Comments on The HippieShack2000™: the most amazing place I ever lived

  1. That’s so badass 😀 And I think I have a lot of those same ponies in a box somewhere . . . I like how chubby they are, but the “new” ones are all extremely skinny. Even PONIES are super skinny now. WTF, media messages. W. T. F.

  2. Looking at these pics reminds me of the Swiss Family Robinson. Reading that book as a kid made me SO SAD that I could not live in a sweet house like theirs.

    • Oh dear sweet santa, I wanted that house SO FREAKING BAD. I had the annotated version that had the most AMAZING drawings of the house and each one made me more jealous than the last. Coolest. House. Ever.

      Also: My Side of the Mountain.

  3. My sophomore year of college, I visited my friends upstairs so much, they got a yoga ball for me to sit on because there were only two chairs. We called it “The Chair Ball” and it made the most awesome seat. I used to bounce down the hallways on that thing.

    I LOVE THOSE BEDS. I spent my childhood sleeping on the top bunk of a bunk bed and had bunk beds my senior year of college. I would love to get some sort of loft bed because I rather miss sleeping up high.

  4. Great description of Olympia! It is a wacky, loveable little town and I’m quite happy in it. Have you seen IFC’s Portlandia? It totally reminds me of Olympia.

  5. Oh man. I grew up in Olympia, so this post is making ME nostalgic, too! I knew so many crazy hippies who lived in weird spaces like this one. 😀

    Sometimes I want to pack up and move back across the Pacific Ocean to Olympia!

  6. This is the most beautiful space I have ever seen. I am super into cozy corners, round shapes, asymmetry, cabins in the woods… Drool!

  7. WOW i used to live in Olympia too (we left in 1999 tho) but i sat in MANY a home exactly like yours!! So many out of the way homes in random sections of the woods!! AWESOME POST!!

  8. Um, I live in an apartment complex over by Evergreen and I am about five minutes away from getting in my car and driving up and down Overhulse to find this house.

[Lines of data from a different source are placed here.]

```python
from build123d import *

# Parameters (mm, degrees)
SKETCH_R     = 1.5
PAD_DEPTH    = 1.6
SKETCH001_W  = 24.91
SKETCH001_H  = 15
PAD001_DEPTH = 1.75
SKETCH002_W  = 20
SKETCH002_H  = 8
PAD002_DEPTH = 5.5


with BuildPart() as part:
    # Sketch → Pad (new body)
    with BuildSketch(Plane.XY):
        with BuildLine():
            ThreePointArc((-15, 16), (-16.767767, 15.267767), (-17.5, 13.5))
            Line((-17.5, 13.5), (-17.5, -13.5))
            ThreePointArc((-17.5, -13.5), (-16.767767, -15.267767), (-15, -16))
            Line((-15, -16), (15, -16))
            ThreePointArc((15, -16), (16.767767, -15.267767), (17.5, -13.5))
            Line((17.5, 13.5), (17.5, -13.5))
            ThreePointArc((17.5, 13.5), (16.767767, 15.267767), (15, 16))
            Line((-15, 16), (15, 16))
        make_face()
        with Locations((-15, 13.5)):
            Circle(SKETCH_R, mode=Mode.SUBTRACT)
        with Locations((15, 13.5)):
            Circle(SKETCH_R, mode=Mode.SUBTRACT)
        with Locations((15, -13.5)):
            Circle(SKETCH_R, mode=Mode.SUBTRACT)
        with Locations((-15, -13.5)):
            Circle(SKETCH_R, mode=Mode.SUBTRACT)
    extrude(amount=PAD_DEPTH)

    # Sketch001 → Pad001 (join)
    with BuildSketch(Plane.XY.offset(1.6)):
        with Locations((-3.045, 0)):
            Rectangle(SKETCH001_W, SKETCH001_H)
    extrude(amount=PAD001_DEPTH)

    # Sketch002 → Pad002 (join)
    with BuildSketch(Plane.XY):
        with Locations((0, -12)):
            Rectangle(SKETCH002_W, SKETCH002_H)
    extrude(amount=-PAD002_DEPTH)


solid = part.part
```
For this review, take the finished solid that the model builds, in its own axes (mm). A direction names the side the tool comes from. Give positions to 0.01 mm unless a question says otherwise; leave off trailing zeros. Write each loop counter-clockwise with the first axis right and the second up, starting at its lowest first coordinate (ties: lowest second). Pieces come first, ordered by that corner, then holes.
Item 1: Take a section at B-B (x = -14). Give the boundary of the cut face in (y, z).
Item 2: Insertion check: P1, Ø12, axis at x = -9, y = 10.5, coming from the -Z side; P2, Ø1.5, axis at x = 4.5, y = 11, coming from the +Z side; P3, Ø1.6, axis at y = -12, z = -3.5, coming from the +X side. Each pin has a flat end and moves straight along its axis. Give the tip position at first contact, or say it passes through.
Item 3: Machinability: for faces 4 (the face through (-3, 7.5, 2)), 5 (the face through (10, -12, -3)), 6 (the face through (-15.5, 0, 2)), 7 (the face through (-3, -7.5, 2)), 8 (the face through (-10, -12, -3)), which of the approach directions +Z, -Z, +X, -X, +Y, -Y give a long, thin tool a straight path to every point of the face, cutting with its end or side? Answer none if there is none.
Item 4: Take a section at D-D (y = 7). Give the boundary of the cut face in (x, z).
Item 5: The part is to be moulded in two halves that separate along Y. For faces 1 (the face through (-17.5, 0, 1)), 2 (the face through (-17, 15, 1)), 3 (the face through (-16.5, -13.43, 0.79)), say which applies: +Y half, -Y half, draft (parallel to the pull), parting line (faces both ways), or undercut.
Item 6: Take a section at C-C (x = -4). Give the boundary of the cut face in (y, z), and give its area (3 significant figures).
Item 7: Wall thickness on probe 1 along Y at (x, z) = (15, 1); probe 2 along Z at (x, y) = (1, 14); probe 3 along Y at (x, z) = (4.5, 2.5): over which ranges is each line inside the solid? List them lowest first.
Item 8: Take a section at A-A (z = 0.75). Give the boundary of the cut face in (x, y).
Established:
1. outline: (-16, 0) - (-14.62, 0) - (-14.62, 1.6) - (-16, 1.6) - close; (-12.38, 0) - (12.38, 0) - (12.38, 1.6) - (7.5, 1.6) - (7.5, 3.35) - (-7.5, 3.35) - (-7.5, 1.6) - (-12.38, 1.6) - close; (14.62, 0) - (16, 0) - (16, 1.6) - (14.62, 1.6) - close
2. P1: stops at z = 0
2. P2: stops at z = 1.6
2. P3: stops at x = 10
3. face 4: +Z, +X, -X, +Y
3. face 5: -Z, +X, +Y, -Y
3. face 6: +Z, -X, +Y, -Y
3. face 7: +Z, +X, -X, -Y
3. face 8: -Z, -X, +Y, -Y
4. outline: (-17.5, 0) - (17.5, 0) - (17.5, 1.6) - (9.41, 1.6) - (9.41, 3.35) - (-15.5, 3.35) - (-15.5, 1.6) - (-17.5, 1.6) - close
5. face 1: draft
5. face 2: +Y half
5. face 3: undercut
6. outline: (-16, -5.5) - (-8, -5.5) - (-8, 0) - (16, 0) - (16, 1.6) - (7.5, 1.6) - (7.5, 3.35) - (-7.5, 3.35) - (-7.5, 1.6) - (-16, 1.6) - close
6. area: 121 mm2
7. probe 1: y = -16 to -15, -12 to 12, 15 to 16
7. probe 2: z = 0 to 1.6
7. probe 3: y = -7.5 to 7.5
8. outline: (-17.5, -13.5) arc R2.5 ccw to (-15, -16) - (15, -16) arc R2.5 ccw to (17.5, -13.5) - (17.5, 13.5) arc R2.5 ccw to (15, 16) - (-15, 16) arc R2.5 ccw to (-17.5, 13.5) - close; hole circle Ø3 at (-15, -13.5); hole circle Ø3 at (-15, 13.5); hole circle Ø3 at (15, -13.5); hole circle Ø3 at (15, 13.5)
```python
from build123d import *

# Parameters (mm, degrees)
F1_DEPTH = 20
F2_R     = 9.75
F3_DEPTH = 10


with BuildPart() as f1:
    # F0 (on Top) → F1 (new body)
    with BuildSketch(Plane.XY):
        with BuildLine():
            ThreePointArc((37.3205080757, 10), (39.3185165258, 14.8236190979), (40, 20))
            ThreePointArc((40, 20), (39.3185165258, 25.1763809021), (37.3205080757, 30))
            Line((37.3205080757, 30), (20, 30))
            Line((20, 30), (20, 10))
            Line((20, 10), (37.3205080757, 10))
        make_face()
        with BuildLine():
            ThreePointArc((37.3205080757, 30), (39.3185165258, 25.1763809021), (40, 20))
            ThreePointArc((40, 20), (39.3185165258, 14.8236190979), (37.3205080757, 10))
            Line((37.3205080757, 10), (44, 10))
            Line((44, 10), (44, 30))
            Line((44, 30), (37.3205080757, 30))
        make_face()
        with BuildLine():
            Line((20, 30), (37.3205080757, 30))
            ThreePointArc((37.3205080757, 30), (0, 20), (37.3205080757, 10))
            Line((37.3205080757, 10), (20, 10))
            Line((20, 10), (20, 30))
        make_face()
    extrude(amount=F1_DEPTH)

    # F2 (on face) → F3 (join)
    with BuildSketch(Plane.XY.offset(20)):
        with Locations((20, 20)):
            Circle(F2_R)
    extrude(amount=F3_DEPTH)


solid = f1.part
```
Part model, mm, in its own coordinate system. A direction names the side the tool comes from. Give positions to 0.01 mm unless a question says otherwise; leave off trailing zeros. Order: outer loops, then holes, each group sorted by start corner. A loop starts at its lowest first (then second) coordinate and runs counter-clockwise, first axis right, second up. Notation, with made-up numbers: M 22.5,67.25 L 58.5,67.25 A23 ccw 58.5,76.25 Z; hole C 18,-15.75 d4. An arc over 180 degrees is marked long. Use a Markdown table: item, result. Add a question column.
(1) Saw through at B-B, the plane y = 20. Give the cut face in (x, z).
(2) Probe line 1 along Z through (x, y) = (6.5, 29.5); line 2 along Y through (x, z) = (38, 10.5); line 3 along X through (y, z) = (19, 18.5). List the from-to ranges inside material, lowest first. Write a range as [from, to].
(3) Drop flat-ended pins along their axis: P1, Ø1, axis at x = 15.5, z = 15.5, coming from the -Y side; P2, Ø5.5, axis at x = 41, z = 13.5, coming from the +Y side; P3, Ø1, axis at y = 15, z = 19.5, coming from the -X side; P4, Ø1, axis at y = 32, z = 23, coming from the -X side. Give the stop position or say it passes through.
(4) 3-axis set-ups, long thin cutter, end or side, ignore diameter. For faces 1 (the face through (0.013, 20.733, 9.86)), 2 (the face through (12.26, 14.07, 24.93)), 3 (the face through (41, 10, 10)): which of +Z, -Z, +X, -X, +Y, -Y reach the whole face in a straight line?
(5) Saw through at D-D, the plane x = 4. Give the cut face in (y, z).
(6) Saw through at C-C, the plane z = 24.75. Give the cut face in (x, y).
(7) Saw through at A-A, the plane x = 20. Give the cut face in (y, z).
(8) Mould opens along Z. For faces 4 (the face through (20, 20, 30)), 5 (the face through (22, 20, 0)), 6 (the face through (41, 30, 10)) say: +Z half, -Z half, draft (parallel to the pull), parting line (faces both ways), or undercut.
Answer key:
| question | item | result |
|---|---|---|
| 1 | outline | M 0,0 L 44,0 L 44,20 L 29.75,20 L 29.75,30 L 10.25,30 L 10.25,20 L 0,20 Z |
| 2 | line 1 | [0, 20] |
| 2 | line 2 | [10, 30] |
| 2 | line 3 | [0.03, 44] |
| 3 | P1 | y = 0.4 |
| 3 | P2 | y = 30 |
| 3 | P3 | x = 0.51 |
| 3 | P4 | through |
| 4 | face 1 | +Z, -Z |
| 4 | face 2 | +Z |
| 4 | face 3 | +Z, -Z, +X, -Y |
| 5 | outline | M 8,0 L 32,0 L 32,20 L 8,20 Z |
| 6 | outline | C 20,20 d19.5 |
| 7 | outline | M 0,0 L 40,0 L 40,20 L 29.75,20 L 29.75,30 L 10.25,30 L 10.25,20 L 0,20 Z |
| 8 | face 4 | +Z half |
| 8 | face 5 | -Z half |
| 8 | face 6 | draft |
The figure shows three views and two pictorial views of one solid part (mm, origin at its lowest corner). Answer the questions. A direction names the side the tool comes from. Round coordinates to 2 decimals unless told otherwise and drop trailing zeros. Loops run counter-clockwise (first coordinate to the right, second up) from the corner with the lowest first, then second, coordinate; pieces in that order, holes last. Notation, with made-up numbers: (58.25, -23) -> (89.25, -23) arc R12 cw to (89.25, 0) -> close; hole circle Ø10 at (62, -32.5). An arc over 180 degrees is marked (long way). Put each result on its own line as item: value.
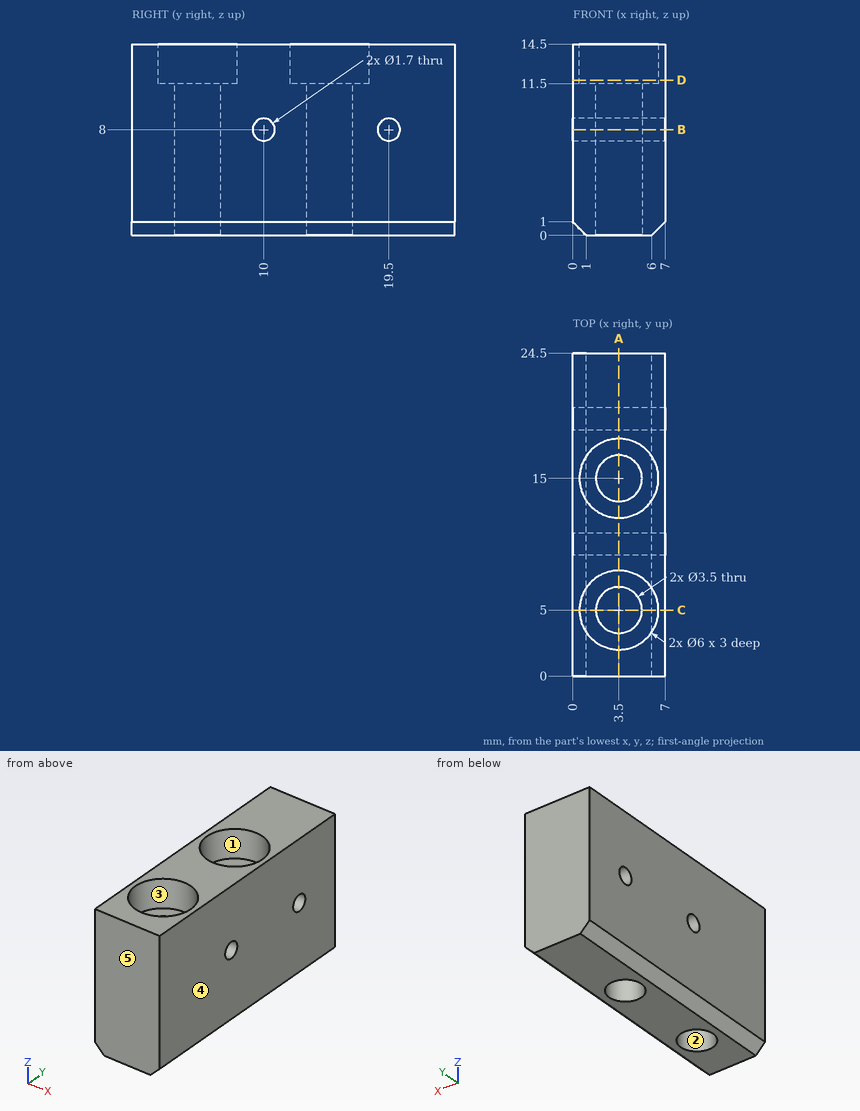
Item 1: The part is cut by section B-B (z = 8). Determine the outline of the cut face in (x, y).
Derived:
outline: (0, 0) -> (7, 0) -> (7, 9.15) -> (0, 9.15) -> close; (0, 10.85) -> (7, 10.85) -> (7, 18.65) -> (0, 18.65) -> close; (0, 20.35) -> (7, 20.35) -> (7, 24.5) -> (0, 24.5) -> close; hole circle Ø3.5 at (3.5, 5); hole circle Ø3.5 at (3.5, 15)
Item 2: The part is cut by section C-C (y = 5). Determine the outline of the cut face in (x, z), then the cut area to 4 significant figures.
Derived:
outline: (0, 1) -> (1, 0) -> (1.75, 0) -> (1.75, 11.5) -> (0.5, 11.5) -> (0.5, 14.5) -> (0, 14.5) -> close; (5.25, 0) -> (6, 0) -> (7, 1) -> (7, 14.5) -> (6.5, 14.5) -> (6.5, 11.5) -> (5.25, 11.5) -> close
area: 42.25 mm^2
Item 3: The part is cut by section A-A (x = 3.5). Determine the outline of the cut face in (y, z).
Derived:
outline: (0, 0) -> (3.25, 0) -> (3.25, 11.5) -> (2, 11.5) -> (2, 14.5) -> (0, 14.5) -> close; (6.75, 0) -> (13.25, 0) -> (13.25, 11.5) -> (12, 11.5) -> (12, 14.5) -> (8, 14.5) -> (8, 11.5) -> (6.75, 11.5) -> close; (16.75, 0) -> (24.5, 0) -> (24.5, 14.5) -> (18, 14.5) -> (18, 11.5) -> (16.75, 11.5) -> close; hole circle Ø1.7 at (10, 8); hole circle Ø1.7 at (19.5, 8)
Item 4: For a pull along Y with two mould halves and no side action, classify the marked faces 3, 4 and 5 as pulls with the +Y half, pulls with the -Y half, needs draft (parallel to the pull), parting line crosses it, or undercut.
Derived:
face 3: undercut
face 4: needs draft
face 5: pulls with the -Y half
Item 5: Which of the six approach directions +Z, -Z, +X, -X, +Y, -Y give full straight-line access (tool end or side, diameter ignored) to the marked faces 1 and 2?
Derived:
face 1: +Z
face 2: +Z, -Z
Item 6: The part is cut by section D-D (z = 11.75). Determine the outline of the cut face in (x, y), then the cut area to 3 significant figures.
Derived:
outline: (0, 0) -> (7, 0) -> (7, 24.5) -> (0, 24.5) -> close; hole circle Ø6 at (3.5, 5); hole circle Ø6 at (3.5, 15)
area: 115 mm^2
Item 7: Find the intervals of material crossed by line 1 along Y through (x, z) = (3.5, 12.35); line 2 along Y through (x, z) = (3.5, 9); line 3 along Y through (x, z) = (4, 7.25), in increasing order.
Derived:
line 1: y = 0 to 2, 8 to 12, 18 to 24.5
line 2: y = 0 to 3.25, 6.75 to 13.25, 16.75 to 24.5
line 3: y = 0 to 3.32, 6.68 to 9.6, 10.4 to 13.32, 16.68 to 19.1, 19.9 to 24.5
Item 8: Flat-ended cylindrical pins translate along their axes: pin 1 Ø1 at (y, z) = (19.5, 8) entering from +X; pin 2 Ø1.8 at (x, y) = (4.5, 14) entering from +Z. Find the tip coordinate at first contact, or state that the pin passes through.
Derived:
pin 1: passes through
pin 2: stops at z = 11.5
```python
from build123d import *

# Parameters (mm, degrees)
SKETCH1_W           = 40
SKETCH1_H           = 40
BOSS_EXTRUDE1_DEPTH = 40
SKETCH2_W           = 25
SKETCH2_H           = 33
CUT_EXTRUDE1_DEPTH  = 62.5
SKETCH3_R           = 8.5
CUT_EXTRUDE2_DEPTH  = 62.5


with BuildPart() as part:
    # Sketch1 → Boss-Extrude1 (new body)
    with BuildSketch(Plane.XY):
        Rectangle(SKETCH1_W, SKETCH1_H)
    extrude(amount=-BOSS_EXTRUDE1_DEPTH)

    # Sketch2 → Cut-Extrude1 (cut)
    with BuildSketch(Plane(origin=(20, 0, 0), x_dir=(0, 0, -1), z_dir=(1, 0, 0))):
        with Locations((17.5, 3.5)):
            Rectangle(SKETCH2_W, SKETCH2_H)
    extrude(amount=-CUT_EXTRUDE1_DEPTH, mode=Mode.SUBTRACT)

    # Sketch3 → Cut-Extrude2 (cut)
    with BuildSketch(Plane.XY):
        with Locations((0, 2.994290039)):
            Circle(SKETCH3_R)
    extrude(amount=-CUT_EXTRUDE2_DEPTH, mode=Mode.SUBTRACT)


solid = part.part
```
CAD build for the part. Positions are in the model's coordinates, mm. A direction names the side the tool comes from. Round coordinates to 2 decimals unless told otherwise and drop trailing zeros. Order: outer loops, then holes, each group sorted by start corner. A loop starts at its lowest first (then second) coordinate and runs counter-clockwise, first axis right, second up. Notation, with made-up numbers: (43.5, 47.5) -> (66.5, 47.5) arc R35 ccw to (66.5, 80.5) -> close; hole circle Ø3 at (79, 27). An arc over 180 degrees is marked (long way). Write item = value, one per line.
(1) Cut at A-A (y = -7.5). Write the cut outline in (x, z), plus the area to 3 significant figures.
Answers follow:
outline = (-20, -40) -> (20, -40) -> (20, -30) -> (-20, -30) -> close; (-20, -5) -> (20, -5) -> (20, 0) -> (-20, 0) -> close
area = 600 mm²
(2) Drill centre lines: L1, parallel to Y at x = 0, z = -32; L2, parallel to Z at x = 10.5, y = 4; L3, parallel to Y at x = 16, z = -20.5. Where is each one in solid material? Low to high.
Answers follow:
L1 = -20 to -5.51, 11.49 to 20
L2 = -40 to -30, -5 to 0
L3 = -20 to -13
(3) Flat gauge pins, fed straight in: P1, Ø12.5, axis at x = 6.5, z = -14.5, coming from the +Y side; P2, Ø8, axis at y = -0.5, z = -25, coming from the +X side; P3, Ø12, axis at y = -12.5, z = -8, coming from the -X side. Where does each tip first touch, or does it go through?
Answers follow:
P1 = -13
P2 = through
P3 = -20
(4) Pull direction Y, two halves, no side cores. Call faces 3 (the flat face through (0, -13, -17)), 4 (the cylindrical face through (-6.3, 8.7, -2.5)), 5 (the cylindrical face through (-6.3, 8.7, -34.9)), 6 (the flat face through (20, -14, -24)): +Y half, -Y half, draft (parallel to the pull), parting line (faces both ways), or undercut.
Answers follow:
face_3 = +Y half
face_4 = undercut
face_5 = undercut
face_6 = draft
(5) Cut at C-C (x = -13.5). Write the cut outline in (y, z).
Answers follow:
outline = (-20, -40) -> (20, -40) -> (20, -30) -> (-13, -30) -> (-13, -5) -> (20, -5) -> (20, 0) -> (-20, 0) -> close
(6) Cut at D-D (z = -32.5). Write the cut outline in (x, y), plus the area to 3 significant figures.
Answers follow:
outline = (-20, -20) -> (20, -20) -> (20, 20) -> (-20, 20) -> close; hole circle Ø17 at (0, 2.99)
area = 1,370 mm²
(7) Cut at B-B (x = 0). Write the cut outline in (y, z), plus the area to 3 significant figures.
Answers follow:
outline = (-20, -40) -> (-5.51, -40) -> (-5.51, -30) -> (-13, -30) -> (-13, -5) -> (-5.51, -5) -> (-5.51, 0) -> (-20, 0) -> close; (11.49, -40) -> (20, -40) -> (20, -30) -> (11.49, -30) -> close; (11.49, -5) -> (20, -5) -> (20, 0) -> (11.49, 0) -> close
area = 520 mm²
(8) 3-axis set-ups, long thin cutter, end or side, ignore diameter. For faces 1 (the flat face through (5, 11, -30)), 2 (the flat face through (0, 20, -2)): which of +Z, -Z, +X, -X, +Y, -Y reach the whole face in a straight line?
Answers follow:
face_1 = +X, -X, +Y
face_2 = +Z, -Z, +X, -X, +Y
from build123d import *

# Parameters (mm, degrees)
BOSS_EXTRUDE1_DEPTH  = 25
SKETCH2_W            = 22
SKETCH2_H            = 17
CUT_EXTRUDE1_DEPTH   = 10
M4_CLEARANCE_HOLE1_D = 4.5
M6_CLEARANCE_HOLE1_D = 6.6


with BuildPart() as part:
    # Sketch1 → Boss-Extrude1 (new, symmetric)
    with BuildSketch(Plane(origin=(0, 0, 0), x_dir=(0, 0, -1), z_dir=(1, 0, 0))):
        Polygon((0, 0), (16, 0), (16, 30), (32, 30), (32, 31), (15, 31), (15, 1), (0, 1), align=None)
    extrude(amount=BOSS_EXTRUDE1_DEPTH, both=True)

    # Sketch2 → Cut-Extrude1 (cut)
    with BuildSketch(Plane(origin=(0, 31, 0), x_dir=(1, 0, 0), z_dir=(0, 1, 0))):
        with Locations((0, 23.5)):
            Rectangle(SKETCH2_W, SKETCH2_H)
    extrude(amount=-CUT_EXTRUDE1_DEPTH, mode=Mode.SUBTRACT)

    # M4 Clearance Hole1 (through all)
    with Locations(Plane(origin=(0, 31, 0), x_dir=(1, 0, 0), z_dir=(0, 1, 0))):
        with Locations((-15, 28.25), (15, 28.25)):
            Hole(M4_CLEARANCE_HOLE1_D / 2)

    # M6 Clearance Hole1 (through all)
    with Locations(Plane(origin=(0, 1, 0), x_dir=(1, 0, 0), z_dir=(0, 1, 0))):
        with Locations((-15, 7.5), (15, 7.5)):
            Hole(M6_CLEARANCE_HOLE1_D / 2)


solid = part.part
The listing builds one solid part. Answer for the finished solid, in the listing's coordinates (mm). A direction names the side the tool comes from. Round coordinates to 2 decimals unless told otherwise and drop trailing zeros. Order: outer loops, then holes, each group sorted by start corner. A loop starts at its lowest first (then second) coordinate and runs counter-clockwise, first axis right, second up. Notation, with made-up numbers: (64, -18) -> (102, -18) arc R29 ccw to (102, 19) -> close; hole circle Ø6 at (-3, 4.25). An arc over 180 degrees is marked (long way). One line per item, written item: value.
Item 1: Straight lines are drawn through the part: L1, parallel to Z at x = 15, y = 0.6; L2, parallel to Z at x = -15, y = 30.6; L3, parallel to Z at x = 1, y = 8. For each, find the intervals that lie inside material, in ascending order.
Taken from the geometry:
L1: z = -16 to -10.8, -4.2 to 0
L2: z = -32 to -30.5, -26 to -15
L3: z = -16 to -15
Item 2: Find section B-B, the plane y = 23.5. Give the vertices of the cut face in (x, z), then the cut area to 3 significant figures.
Taken from the geometry:
outline: (-25, -16) -> (-11, -16) -> (-11, -15) -> (-25, -15) -> close; (11, -16) -> (25, -16) -> (25, -15) -> (11, -15) -> close
area: 28.0 mm2
Item 3: Find section C-C, the plane x = -15. Give the vertices of the cut face in (y, z).
Taken from the geometry:
outline: (0, -16) -> (30, -16) -> (30, -26) -> (31, -26) -> (31, -15) -> (1, -15) -> (1, -10.8) -> (0, -10.8) -> close; (0, -4.2) -> (1, -4.2) -> (1, 0) -> (0, 0) -> close; (30, -32) -> (31, -32) -> (31, -30.5) -> (30, -30.5) -> close
Item 4: For a pull along Z with two mould halves and no side action, classify faces 1 (the flat face through (0, 11, -16)), 2 (the flat face through (-18, 30, -24)), 3 (the cylindrical face through (13.962, 30.493, -26.254)) as released by +Z, released by -Z, zero draft, split by the parting line, or undercut.
Taken from the geometry:
face 1: released by -Z
face 2: zero draft
face 3: undercut
Item 5: Given P1, Ø11, axis at x = 19.5, z = -20.5, coming from the -Y side; P2, Ø4, axis at x = -16.5, y = 15.5, coming from the +Z side; P3, Ø7, axis at x = -14.5, z = -22, coming from the -Y side; P4, Ø3, axis at x = -1.5, z = -6.5, coming from the +Y side, each flat-ended and moving along its own axis, determine where each tip first touches the part or whether it passes through.
Taken from the geometry:
P1: stops at y = 0
P2: stops at z = -15
P3: stops at y = 30
P4: stops at y = 1
Item 6: For faces 4 (the flat face through (-11, 30.5, -20.3)), 5 (the flat face through (18, 30, -24)), 6 (the flat face through (0, 1, -8)), determine the directions among +Z, -Z, +X, -X, +Y, -Y from which every point of the face is accessible in a straight line to the end or side of a thin tool.
Taken from the geometry:
face 4: +Z, -Z, +Y
face 5: -Z, +X, -X, -Y
face 6: +Z, +X, -X, +Y
Item 7: Find section D-D, the plane z = -20.5. Give the vertices of the cut face in (x, y).
Taken from the geometry:
outline: (-25, 30) -> (-11, 30) -> (-11, 31) -> (-25, 31) -> close; (11, 30) -> (25, 30) -> (25, 31) -> (11, 31) -> close
Item 8: Find section A-A, the plane z = -28.25. Give the vertices of the cut face in (x, y), then the cut area to 3 significant figures.
Taken from the geometry:
outline: (-25, 30) -> (-17.25, 30) -> (-17.25, 31) -> (-25, 31) -> close; (-12.75, 30) -> (-11, 30) -> (-11, 31) -> (-12.75, 31) -> close; (11, 30) -> (12.75, 30) -> (12.75, 31) -> (11, 31) -> close; (17.25, 30) -> (25, 30) -> (25, 31) -> (17.25, 31) -> close
area: 19.0 mm2

ZOMG.

    It’s not creepy if I’m stalking the house Ariel USED to live in, right? 😛

    No, but, seriously – I will try and find that house and get photos from the outside just to see if it still looks the same.

    Oly is a world of its own, and though I complain about it endlessly, I can’t bring myself to leave. 🙂

      • I have returned victorious!

        So, it turns out the Hippie Shack is literally 3 minutes away from my apartment complex. Holy crap. I rarely go that direction down Overhulse, so I was shocked!

        I have a few very, VERY bad photos for you – there was someone outside when I went back to get pictures, and we felt really weird sitting there in the car with the camera. He didn’t look particularly friendly. 😛

        The couple of photos are here. I plan on returning for more!

        It still looks EXACTLY like the photos up above. There’s a yurt-like structure right next to the tiny smoking hut thing – don’t know if that’s new or not. And a million cars out there.

        Hope you enjoy! 🙂

  9. Omg- I lived on this property right around the same time!!??! Maybe a couple years there after.

    We lived in the Treehouse. I wrote a play called “Island Adrift” which we performed in Alaska in 2004 and oh yea- my daughter was conceived in the tree house. I’m
    Not to fru fru of a guy but my wife and I literally heard her calling from the Forrest to come into this world.

    • Oh wow, that’s crazy! When we moved out in 2001, I think Robin was still living in the treehouse… but I can see how the forest back there would be talking to you. It was glorious!